Nach Burnout das Leben verändert

In den zwei Jahren, in denen Gosha Zaranska das Hilfsprojekt aufbaute, hat sich in ihrem eigenen Leben einiges verändert. «Nach einem Burn-out und einer Depression musste ich damals meinen Kaderjob im Finanzbereich eines internationalen Konzerns aufgeben und war auf Jobsuche», sagt sie. Die Aufgabe in der Materialsammelstelle habe ihr eine sinnvolle Beschäftigung gegeben und sie abgelenkt. «Dabei habe ich mich aber auch ein bisschen übernommen», sagt sie rückblickend. Sie machte eine Therapie, lernte, auf sich und die Signale ihres Körpers zu hören, und entschied, keinen Kaderjob mehr in einem Grosskonzern zu suchen. «Ich will nicht schlechtreden, was ich 20 Jahre machte. Es hat mir gefallen, aber jetzt erscheint es mir nicht mehr sinnvoll, mein Leben nur mit Arbeit zu füllen und täglich 12 Stunden zu arbeiten.»
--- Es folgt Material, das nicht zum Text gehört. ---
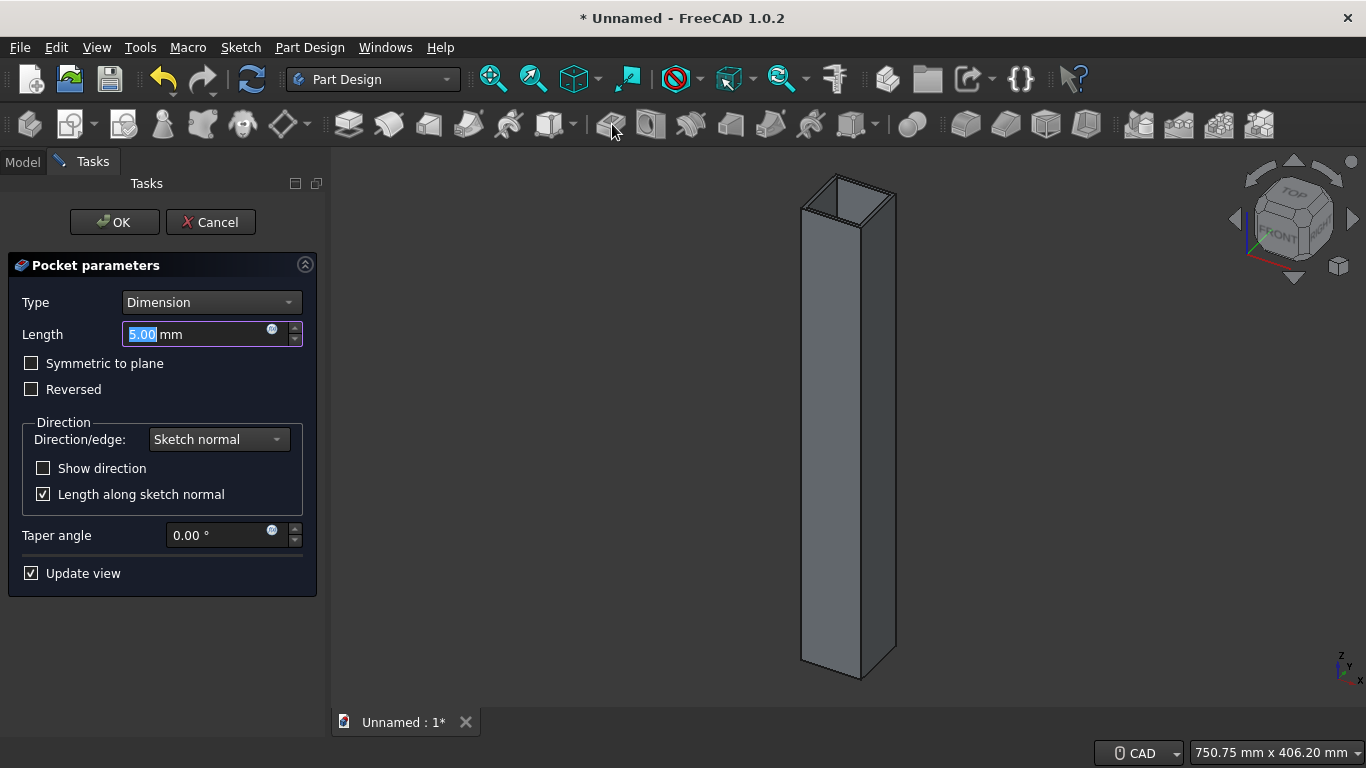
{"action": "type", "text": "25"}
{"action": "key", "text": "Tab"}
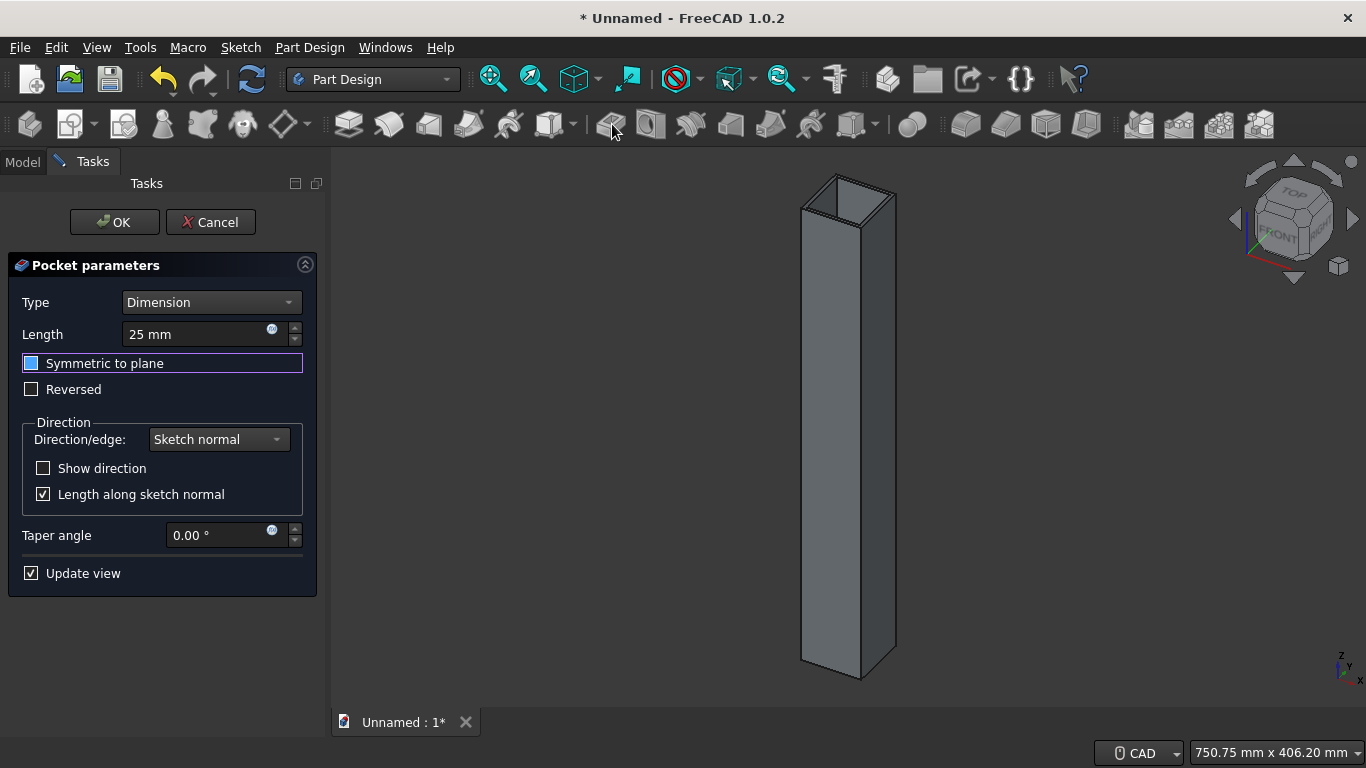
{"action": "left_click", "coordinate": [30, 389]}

Mittlerweile ist sie Inhaberin einer Massage- und Therapiepraxis, die sie mit ihrer Kollegin, die ausgebildete Masseurin ist, gegründet hat. «Das entspricht meinem Wunsch, Dinge zu tun, die Menschen helfen», begründet sie den Branchenwechsel. Ein Jahr will sie sich Zeit geben, um das Geschäft zum Laufen zu bringen.
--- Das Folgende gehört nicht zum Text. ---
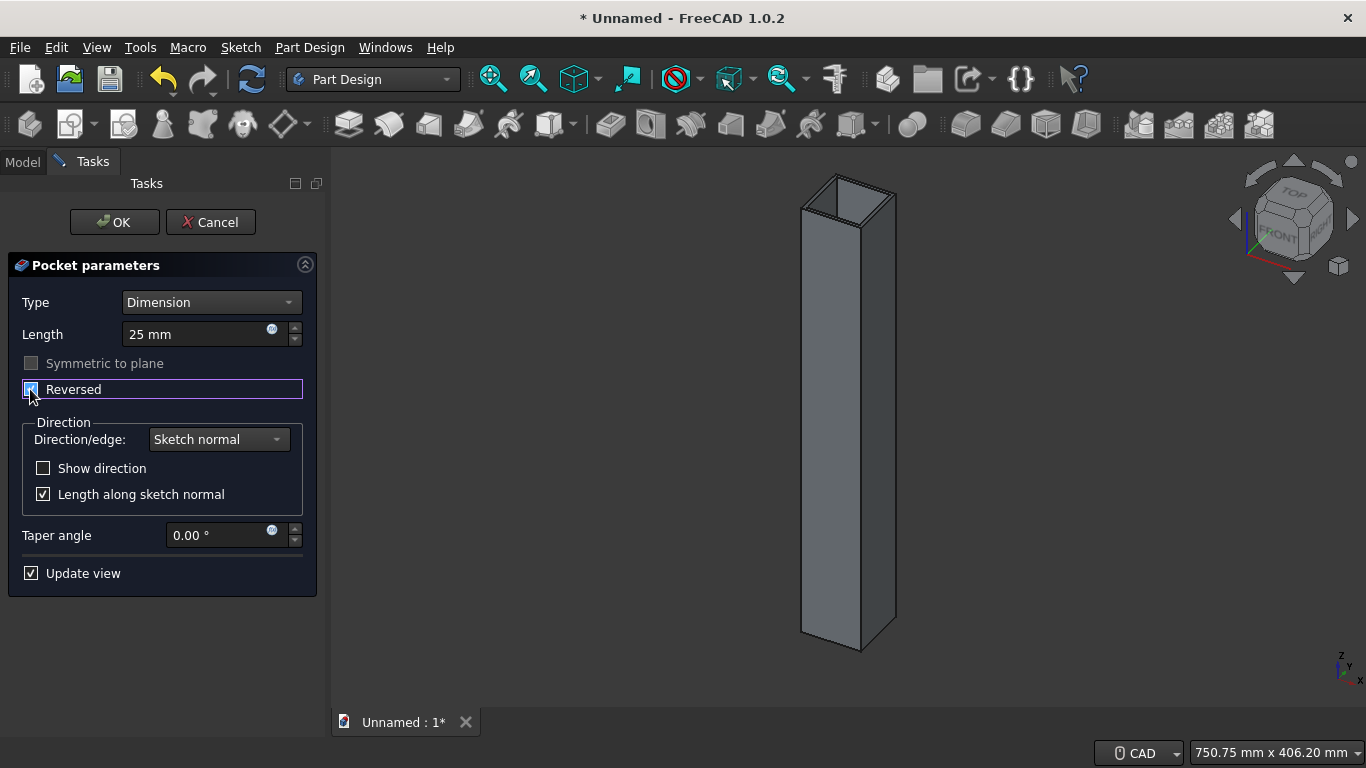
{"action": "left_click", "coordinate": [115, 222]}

«Heute kann ich sagen, dass es mir wieder gut geht. Nicht nur, aber auch dank der Abgabestelle.» Dadurch habe sie viel gelernt und sich in der Schweiz integriert. «Vorher war ich ein Workaholic, kannte niemanden aus dem Dorf, sondern war ausschliesslich mit Arbeitskollegen aus aller Welt in Kontakt. Mittlerweile habe ich Deutsch gelernt und kenne viele Leute aus Killwangen.» Infos unter www.ukraine.gosha.ch.